Submit a query and an async job spins up a headless Pi coding agent backed by a self-hosted Qwen3.6-35B-A3B (llama.cpp). The agent runs its own research loop: pi --mode json --continue resumes the same per-cwd session across turns, and on each turn it searches, reads, reranks, and writes sourced files into a dataroom/ directory on disk.

  • Autonomous loop: the agent is not micromanaged. It is handed tools and a one-page methodology, then drives itself - search, read, dedup, write, verify - until the work is done.
  • Outcome-based stopping: DONE is honored only once the dataroom holds enough substantive sourced files, all sub-questions are closed, and a SUMMARY.md exists. Turns / seconds / Jina-call caps are only hard backstops, and a premature DONE is rejected so the agent keeps going. The reason it stopped is surfaced on the dashboard.
  • jina CLI: the jina CLI is on PATH (search / read / rerank / embed / dedup), driven from bash and composable via pipes (jina search Q | jina rerank R, cat urls.txt | jina read, xargs -P 8 for parallel fan-out) so bulky intermediates stay out of the LLM context.
  • Embedding dedup index: jina-embeddings-v5-nano is preloaded for the dataroom index (embed / semantic search / dedup), with server-side reconciliation so it never drifts from disk. The agent must search the index before adding anything, to avoid duplicates and keep structure.
  • Live dashboard: real-time context utilization, throughput, tool-call distribution, live activity feed, warnings/errors, progress-to-floor, a stop-reason banner, and the dataroom file tree, at GET /jobs/{id}/dashboard.

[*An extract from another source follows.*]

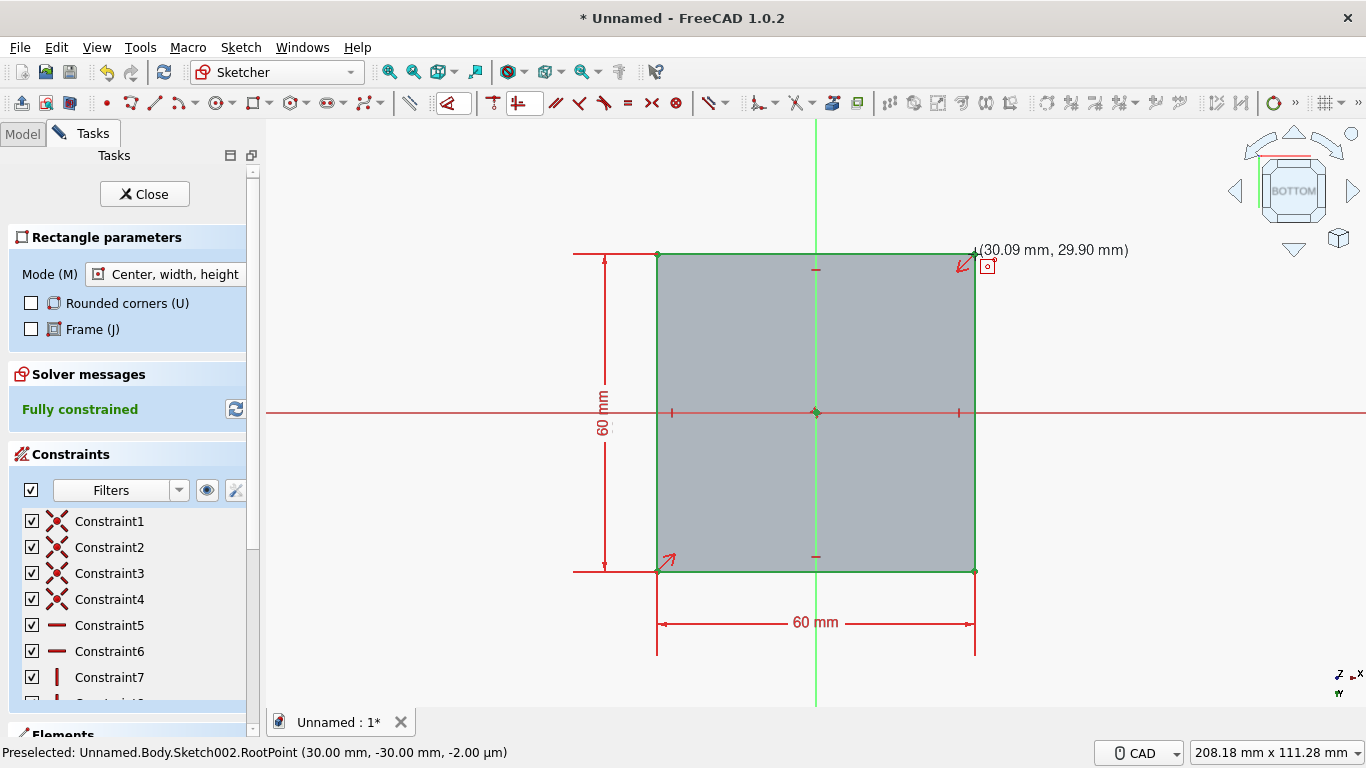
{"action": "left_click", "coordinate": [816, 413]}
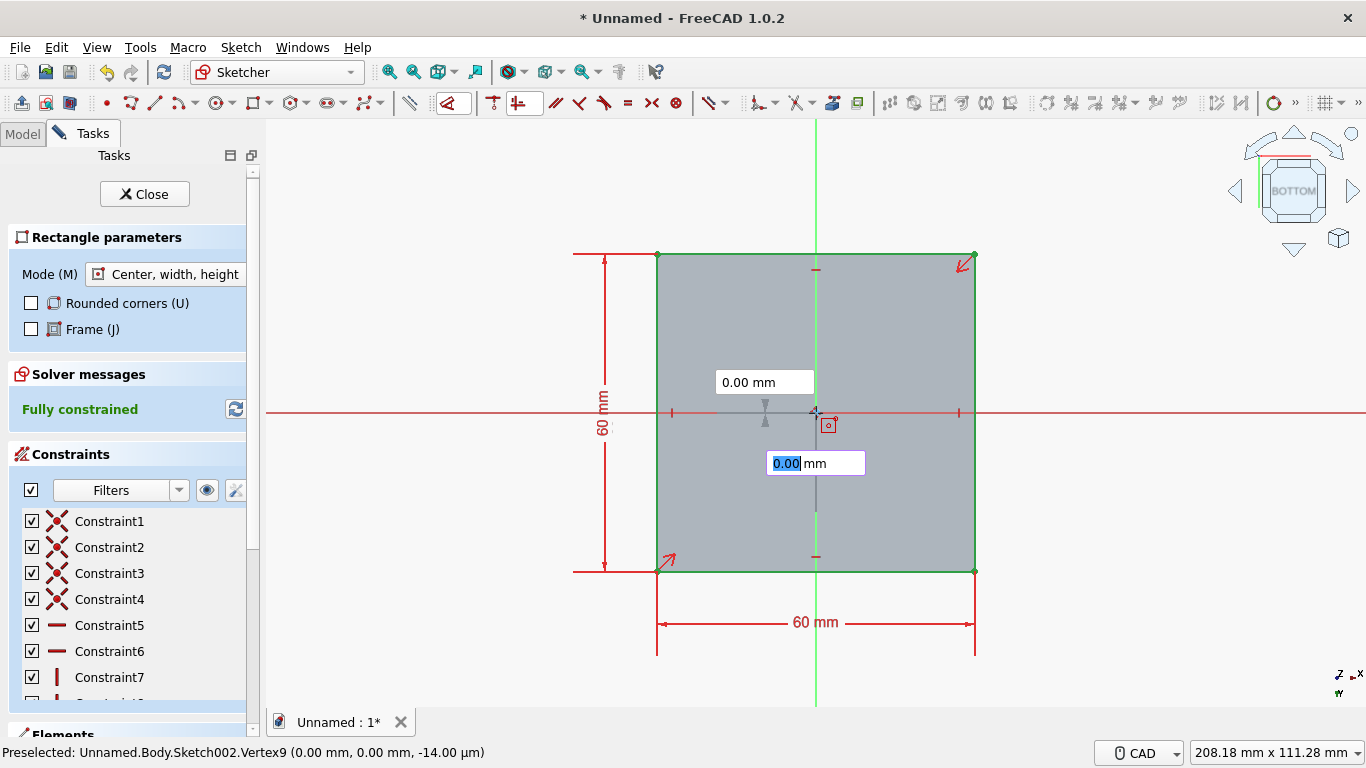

The live dashboard for a finished job - progress-to-floor, total tokens, tool-call distribution, throughput, the activity feed, and the dataroom file tree:

Get Started

An NVIDIA Docker host runs two containers (llama-server + the app). scripts/setup.sh installs Docker + the NVIDIA toolkit, downloads the model, and brings the stack up. The only value you must set is JINA_API_KEY; everything else in .env.example ships with working defaults. No NVIDIA GPU? Option C runs it on an Apple Silicon Mac.

Clone and set the key once:

git clone https://github.com/hanxiao/dataroom.git
cd dataroom
cp .env.example .env
sed -i 's/^JINA_API_KEY=.*/JINA_API_KEY=jina_your_real_key/' .env

Then pick one (each brings the stack up and prints the API URL when done):

Option A: prebuilt image (fastest)

Pull the published app image from GHCR instead of building it locally (skips the ~14GB build). setup.sh still installs Docker + the toolkit and downloads the model, then pulls + starts the stack:

DAAS_PULL=1 bash scripts/setup.sh

Pulls ghcr.io/hanxiao/dataroom:latest.

Option B: build from source

Build the app image locally (no pull). Same one-shot, just slower the first time:

bash scripts/setup.sh
Option C: Apple Silicon (Mac, Metal)

No Docker, no NVIDIA. The model runs on Metal via Homebrew llama.cpp; the app, Pi agent, and embedder run in a local uv venv. Needs 32 GB+ unified memory (the Q4 model wires ~22 GB).

brew install llama.cpp
npm install -g @earendil-works/[email protected]
uv venv --python 3.11 .venv
uv pip install --python .venv/bin/python torch -r server/requirements.txt jina-cli huggingface-hub hf_transfer
mkdir -p models/mtp
HF_HUB_ENABLE_HF_TRANSFER=1 HF_TOKEN=hf_... .venv/bin/python -c "from huggingface_hub import hf_hub_download; \
hf_hub_download('unsloth/Qwen3.6-35B-A3B-MTP-GGUF','Qwen3.6-35B-A3B-UD-Q4_K_XL.gguf',local_dir='models/mtp')"
cp .env.example .env && sed -i '' 's/^JINA_API_KEY=.*/JINA_API_KEY=jina_your_real_key/' .env
bash scripts/mac-run.sh

GGUF and Metal-flag details (MTP needs llama.cpp >= 9430): docs/MAC.md.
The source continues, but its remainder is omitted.